Until this point, he had been BARGAINING with me, and it hampered his results, but as soon as he let go of the right to bargain and took my suggestion, I was able to help him. He moved from BARGAINING to ACCEPTANCE (with a short period of DEPRESSION in between because he didn’t want to have to make the effort of measuring), and he began to get results.

If you’re trying to follow a specific diet, food plan, or new way of eating – a lifestyle change – then please, PLEASE, PLEASE take the advice of my old weight loss coach Harvey Brooker: “FOLLOW THE PROGRAM EXACTLY AS WRITTEN FOR BEST RESULTS.” To do otherwise is to bargain with it, and you’re not qualified to do that. If you were, it would be you who would have authored the program, not the other person. Instead, recognize your limitations, recognize that you don’t know the answer to how to lose weight (or you would have done it already – again, Harvey Brooker: “IF YOU COULD DO IT ALONE, YOU WOULD HAVE DONE IT ALREADY”) and follow the program exactly as it’s outlined.
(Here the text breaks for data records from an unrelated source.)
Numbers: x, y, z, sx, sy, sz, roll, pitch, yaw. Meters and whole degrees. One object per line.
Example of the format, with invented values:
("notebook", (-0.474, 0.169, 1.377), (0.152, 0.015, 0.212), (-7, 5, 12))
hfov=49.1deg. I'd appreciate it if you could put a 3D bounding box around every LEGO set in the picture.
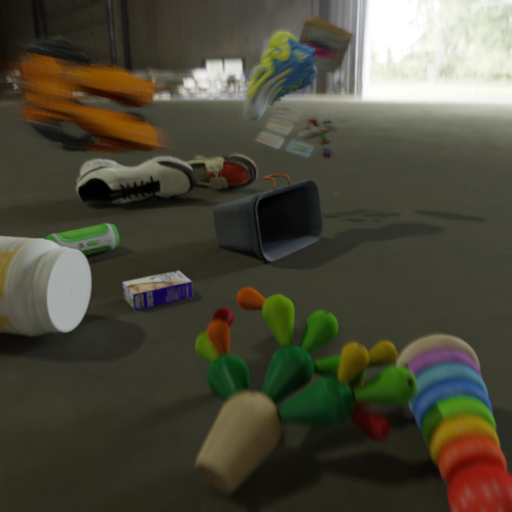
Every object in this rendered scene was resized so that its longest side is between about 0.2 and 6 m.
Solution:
("LEGO set", (1.077, -2.800, 13.223), (1.738, 0.427, 1.298), (22, 63, 19))

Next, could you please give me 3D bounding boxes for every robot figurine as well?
("robot figurine", (-2.081, -1.892, 7.007), (0.552, 1.374, 1.895), (-9, -7, 40))

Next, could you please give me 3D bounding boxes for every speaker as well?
("speaker", (-3.311, -0.257, 10.677), (1.298, 0.574, 0.574), (-16, 26, -37))

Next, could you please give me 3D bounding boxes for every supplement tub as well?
("supplement tub", (-3.400, 0.397, 7.746), (1.843, 1.340, 1.340), (4, 21, 11))

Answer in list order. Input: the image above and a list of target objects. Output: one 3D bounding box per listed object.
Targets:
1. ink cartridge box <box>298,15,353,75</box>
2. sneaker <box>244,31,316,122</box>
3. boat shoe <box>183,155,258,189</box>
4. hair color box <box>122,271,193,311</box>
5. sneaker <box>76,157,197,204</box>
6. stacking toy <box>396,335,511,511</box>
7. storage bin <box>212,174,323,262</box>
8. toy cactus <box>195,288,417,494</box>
("ink cartridge box", (1.548, -4.884, 12.985), (1.113, 0.917, 0.418), (27, 45, 7))
("sneaker", (0.575, -3.716, 11.788), (1.210, 2.305, 0.873), (19, -17, 7))
("boat shoe", (-1.182, -2.363, 15.840), (2.694, 0.959, 0.843), (11, 23, 35))
("hair color box", (-1.557, 0.539, 8.866), (0.974, 0.316, 0.533), (-13, 25, -28))
("sneaker", (-3.098, -1.778, 14.398), (3.147, 1.160, 1.259), (-2, 34, 6))
("stacking toy", (1.911, 1.673, 5.238), (0.891, 0.891, 2.088), (1, 27, 3))
("storage bin", (0.153, -0.837, 11.217), (1.396, 1.513, 2.079), (3, 18, 39))
("toy cactus", (0.179, 1.406, 5.679), (2.648, 1.354, 2.185), (16, 44, 30))
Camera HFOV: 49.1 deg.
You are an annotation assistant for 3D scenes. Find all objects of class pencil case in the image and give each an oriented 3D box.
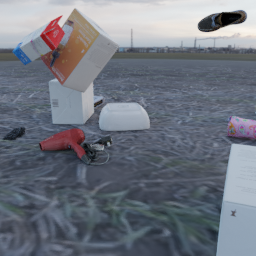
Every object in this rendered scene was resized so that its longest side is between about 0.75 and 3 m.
[{"bbox_3d":[4.462,0.045,9.841,1.868,0.817,0.817,11,21,29],"label":"pencil case"}]

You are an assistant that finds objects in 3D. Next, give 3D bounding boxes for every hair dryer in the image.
[{"bbox_3d":[-1.641,0.501,8.743,2.281,0.620,1.737,1,19,5],"label":"hair dryer"}]

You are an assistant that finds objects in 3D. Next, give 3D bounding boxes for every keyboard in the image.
[{"bbox_3d":[-4.193,0.128,10.528,0.639,0.243,1.228,-1,19,-2],"label":"keyboard"}]

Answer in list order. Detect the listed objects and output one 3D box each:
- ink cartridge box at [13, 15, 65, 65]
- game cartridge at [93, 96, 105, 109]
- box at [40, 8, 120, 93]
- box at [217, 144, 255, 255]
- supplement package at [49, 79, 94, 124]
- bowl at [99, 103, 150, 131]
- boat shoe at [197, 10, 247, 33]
[{"bbox_3d":[-2.341,-2.428,7.738,1.515,0.509,0.880,-17,40,26],"label":"ink cartridge box"},{"bbox_3d":[-2.242,-1.326,14.843,1.434,0.435,2.150,9,19,16],"label":"game cartridge"},{"bbox_3d":[-1.484,-2.310,8.548,1.452,1.907,1.014,48,18,25],"label":"box"},{"bbox_3d":[2.543,1.354,5.016,1.583,1.240,2.544,8,19,21],"label":"box"},{"bbox_3d":[-2.417,-1.304,12.345,1.411,1.834,1.918,2,18,6],"label":"supplement package"},{"bbox_3d":[-0.177,-0.552,11.797,2.098,0.784,2.101,-1,16,-6],"label":"bowl"},{"bbox_3d":[2.996,-3.532,9.132,1.600,0.578,0.579,-6,11,32],"label":"boat shoe"}]
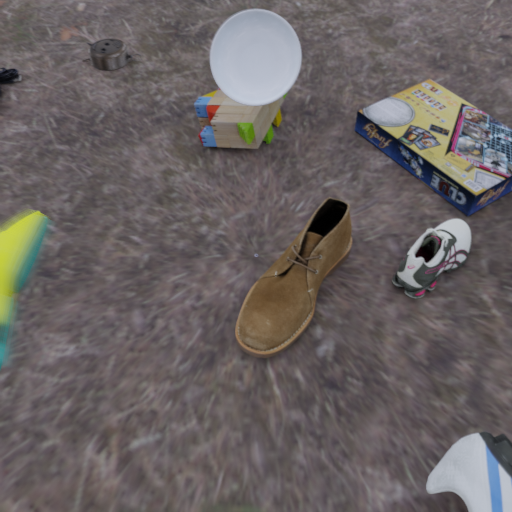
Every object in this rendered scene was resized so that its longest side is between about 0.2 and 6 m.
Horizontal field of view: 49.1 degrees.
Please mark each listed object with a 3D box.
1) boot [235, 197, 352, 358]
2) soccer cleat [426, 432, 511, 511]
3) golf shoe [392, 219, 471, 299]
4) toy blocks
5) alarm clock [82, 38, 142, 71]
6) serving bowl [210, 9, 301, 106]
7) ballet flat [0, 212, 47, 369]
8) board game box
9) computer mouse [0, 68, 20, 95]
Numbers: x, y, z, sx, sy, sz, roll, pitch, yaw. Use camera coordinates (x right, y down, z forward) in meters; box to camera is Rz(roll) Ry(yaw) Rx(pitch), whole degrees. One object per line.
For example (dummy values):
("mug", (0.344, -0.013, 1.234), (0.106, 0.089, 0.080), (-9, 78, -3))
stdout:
("boot", (0.548, 0.195, 7.786), (0.993, 1.017, 2.696), (26, 55, 18))
("soccer cleat", (2.776, 3.029, 5.580), (1.105, 0.894, 2.559), (-41, 67, 13))
("golf shoe", (2.698, -0.101, 8.204), (0.675, 0.770, 1.748), (32, 55, 26))
("toy blocks", (-0.435, -2.698, 10.391), (1.453, 1.063, 2.126), (6, 48, 20))
("alarm clock", (-3.063, -4.361, 12.092), (1.228, 0.409, 0.828), (10, 50, 5))
("serving bowl", (0.014, -3.105, 8.912), (1.439, 1.439, 0.473), (8, 10, 7))
("ballet flat", (-2.291, 0.279, 4.810), (0.576, 0.574, 1.718), (15, 58, -16))
("board game box", (3.422, -2.045, 10.027), (1.906, 0.487, 2.813), (-27, 54, -21))
("computer mouse", (-5.400, -3.200, 11.103), (1.184, 0.451, 1.710), (-6, 39, -5))
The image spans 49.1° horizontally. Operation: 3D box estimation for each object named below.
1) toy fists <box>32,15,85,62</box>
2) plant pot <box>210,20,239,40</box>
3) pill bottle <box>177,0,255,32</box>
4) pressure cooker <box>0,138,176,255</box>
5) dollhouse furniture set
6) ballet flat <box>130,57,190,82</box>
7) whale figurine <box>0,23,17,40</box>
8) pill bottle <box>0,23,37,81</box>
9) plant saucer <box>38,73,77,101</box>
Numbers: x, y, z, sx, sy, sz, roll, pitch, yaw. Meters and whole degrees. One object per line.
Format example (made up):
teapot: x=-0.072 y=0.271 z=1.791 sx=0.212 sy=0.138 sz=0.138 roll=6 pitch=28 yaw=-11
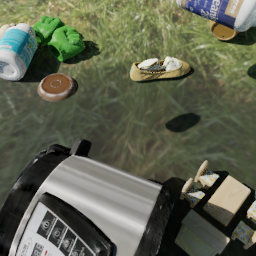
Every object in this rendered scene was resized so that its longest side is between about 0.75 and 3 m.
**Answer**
toy fists: x=-2.475 y=-3.258 z=9.890 sx=2.267 sy=0.779 sz=1.155 roll=38 pitch=59 yaw=27
plant pot: x=3.717 y=-4.229 z=10.164 sx=1.822 sy=1.822 sz=1.956 roll=20 pitch=67 yaw=15
pill bottle: x=2.414 y=-3.034 z=6.454 sx=2.329 sy=1.292 sz=1.292 roll=31 pitch=58 yaw=18
pressure cooker: x=-0.884 y=1.811 z=4.894 sx=2.910 sy=2.600 sz=2.559 roll=20 pitch=42 yaw=14
dollhouse furniture set: x=1.883 y=1.703 z=5.762 sx=1.731 sy=1.226 sz=1.884 roll=36 pitch=61 yaw=24
ballet flat: x=1.083 y=-1.929 z=8.936 sx=2.053 sy=0.647 sz=0.704 roll=-13 pitch=53 yaw=-10
whale figurine: x=-4.325 y=-3.290 z=10.059 sx=1.049 sy=0.684 sz=1.318 roll=-38 pitch=33 yaw=8
pill bottle: x=-3.629 y=-2.558 z=9.126 sx=1.077 sy=1.077 sz=1.944 roll=5 pitch=54 yaw=4
plant saucer: x=-2.228 y=-1.331 z=8.770 sx=1.206 sy=0.193 sz=1.206 roll=1 pitch=53 yaw=-1

I’m going to close with a bold statement here: anyone who has lost a significant quantity of weight AND has kept it off – remaining at their goal weight – for 5 or more years, is qualified to have an opinion on their own personal weight loss program. Anyone else, well, I’ll say this: I’m skeptical that you should have an opinion on how to do it. I would rather you find yourself a qualified coach to help you, ask them what to do, and – like the good ol’ Nike slogan – JUST DO IT. Don’t ask questions. Don’t bargain. Don’t disagree. Just do it.

Once through the “Bargaining” stage of grief, it gets easier: A LOT easier. We’ll talk about the second-to-last stage next Tuesday, “Depression.” Sounds worse than it really is, so don’t be frightened off.
Until then, remember, if you’re on a weight loss program, familiarize yourself with all the suggestions and JUST DO IT!